Of course, it's not just the religion of evolution that the schools teach in opposition to Christianity.
I had to tell my daughter when she was in kindergarden about Islamic suicide bombers, because the dang school taught her that Ramadan was good because Muslims gave to the poor.
I shouldn't have had to have that conversation with them either. But as long as the anti-Christians are pushing their agendas in the elementary schools, our choices are to either counter it with the truth or yank the kids out of the public schools.
When another exists, they will.
They are NOT required to teach as science any religion's creation mythology.
NINETY scotts for those videos? Wow, 'ol P.T. barnum was a seer.
Oh, YAY, another media cliche of mental shorthand! Hoo-freakin'-ray.
Actually, that is in Georgia that the "sticker" lost.
So much for the scientific accuracy of this article.
Sounds like Hovind is $90 richer. :) :) :)
He'll need it for the tax bill he's got coming ;)
Creation science? Could you give me a pointer or two to a valid scientific study that tested the ID hypothesis and found it had merit based on independent observations?
Yes they are. They are required to teach Evolution's creation from random chance mythology. They shouldn't be teaching any religion in the elementary schools, but there they are pushing the religion of evolution.
NINETY scotts for those videos?
They ranged $9-$13 a piece. I got one on where dinosaurs fit with creation, one on the origin of life, a couple on incredible animals that defy evolution, one on evidences in favor of the flood, one on time, and three others that may not be related.
For 3000+ quotes by atheist scientists on how bad the evidence is for evolution, big-bang cosmology, etc...
For 120 qutotes by atheist scientists on how bad the evidence is for evolution ...
I'm afraid you may be right. The risk is that from there, the GOP would be vulnerable to being portrayed as some kind of flat earth society.

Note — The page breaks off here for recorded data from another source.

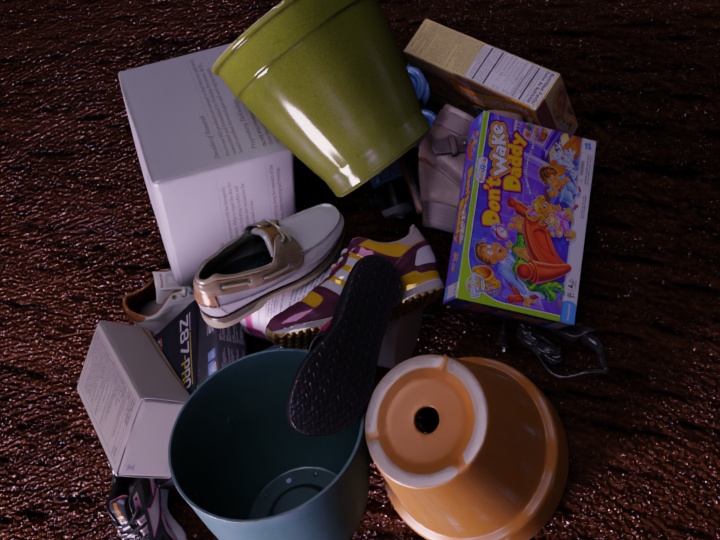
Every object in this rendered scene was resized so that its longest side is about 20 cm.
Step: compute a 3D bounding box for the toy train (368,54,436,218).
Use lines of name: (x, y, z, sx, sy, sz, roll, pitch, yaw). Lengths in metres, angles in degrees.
toy train: (0.045, -0.156, 1.100, 0.112, 0.087, 0.203, -19, 90, 10)

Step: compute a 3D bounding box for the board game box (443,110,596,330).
board game box: (0.170, -0.052, 0.964, 0.132, 0.045, 0.204, 12, 78, -11)

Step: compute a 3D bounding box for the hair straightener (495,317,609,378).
hair straightener: (0.185, 0.064, 1.009, 0.199, 0.041, 0.077, 36, 87, 28)

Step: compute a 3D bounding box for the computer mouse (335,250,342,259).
computer mouse: (0.000, 0.000, 1.120, 0.196, 0.034, 0.060, -2, 67, 24)

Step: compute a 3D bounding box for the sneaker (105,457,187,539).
sneaker: (-0.267, 0.301, 1.088, 0.080, 0.086, 0.202, -30, 60, 12)

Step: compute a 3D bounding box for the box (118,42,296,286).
box: (-0.185, -0.131, 1.136, 0.168, 0.200, 0.202, -17, 56, -13)

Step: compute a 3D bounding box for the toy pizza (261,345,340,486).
toy pizza: (-0.089, 0.186, 1.085, 0.197, 0.032, 0.204, -9, 67, 22)

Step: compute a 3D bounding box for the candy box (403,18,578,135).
candy box: (0.156, -0.218, 1.090, 0.199, 0.115, 0.056, 32, 84, 32)

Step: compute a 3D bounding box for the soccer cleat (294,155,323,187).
soccer cleat: (-0.010, -0.146, 1.172, 0.197, 0.067, 0.082, -26, 71, 12)

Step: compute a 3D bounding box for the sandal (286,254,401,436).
sandal: (-0.015, 0.077, 0.894, 0.045, 0.075, 0.202, -33, 27, 56)

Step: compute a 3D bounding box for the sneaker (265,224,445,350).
sneaker: (-0.013, 0.017, 0.968, 0.197, 0.075, 0.091, -17, 72, -11)

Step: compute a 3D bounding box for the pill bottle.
pill bottle: (-0.033, 0.044, 1.063, 0.197, 0.113, 0.115, 14, 75, 20)

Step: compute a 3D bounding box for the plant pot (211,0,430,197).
plant pot: (-0.027, -0.193, 0.990, 0.199, 0.201, 0.194, -34, 97, 8)

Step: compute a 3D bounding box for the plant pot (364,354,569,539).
plant pot: (0.095, 0.171, 0.915, 0.197, 0.183, 0.204, -9, 65, 21)

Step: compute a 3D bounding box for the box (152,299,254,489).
box: (-0.194, 0.143, 1.104, 0.160, 0.049, 0.203, -35, 52, 39)

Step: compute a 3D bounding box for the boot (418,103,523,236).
boot: (0.158, -0.101, 1.022, 0.196, 0.070, 0.149, 15, 86, -4)

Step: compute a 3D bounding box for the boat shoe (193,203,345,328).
boat shoe: (-0.096, -0.018, 1.003, 0.199, 0.069, 0.074, -39, 54, -23)

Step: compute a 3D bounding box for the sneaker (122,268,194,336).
sneaker: (-0.217, 0.025, 1.182, 0.197, 0.085, 0.074, -25, 59, 9)

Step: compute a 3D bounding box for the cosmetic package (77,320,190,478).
cosmetic package: (-0.278, 0.153, 1.111, 0.200, 0.072, 0.105, 41, 113, 51)

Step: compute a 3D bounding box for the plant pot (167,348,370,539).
plant pot: (-0.077, 0.210, 0.937, 0.197, 0.163, 0.203, -8, 44, 8)

I have no problem if ID is taught in Sunday school, comparative religion, or philosophy class. But calling ID a scientific theory and teaching it as such in biology class is too much. A long list of complaints about the modern synthesis of Darwinism is NOT a scientific theory.
When ID people propose some falsifiable hypotheses and test them with credible results, then we can talk about whether it is a legitimate scientific theory. At the moment, it is a bunch of scientific word salad wanting the rights and privileges of a theory without paying its dues.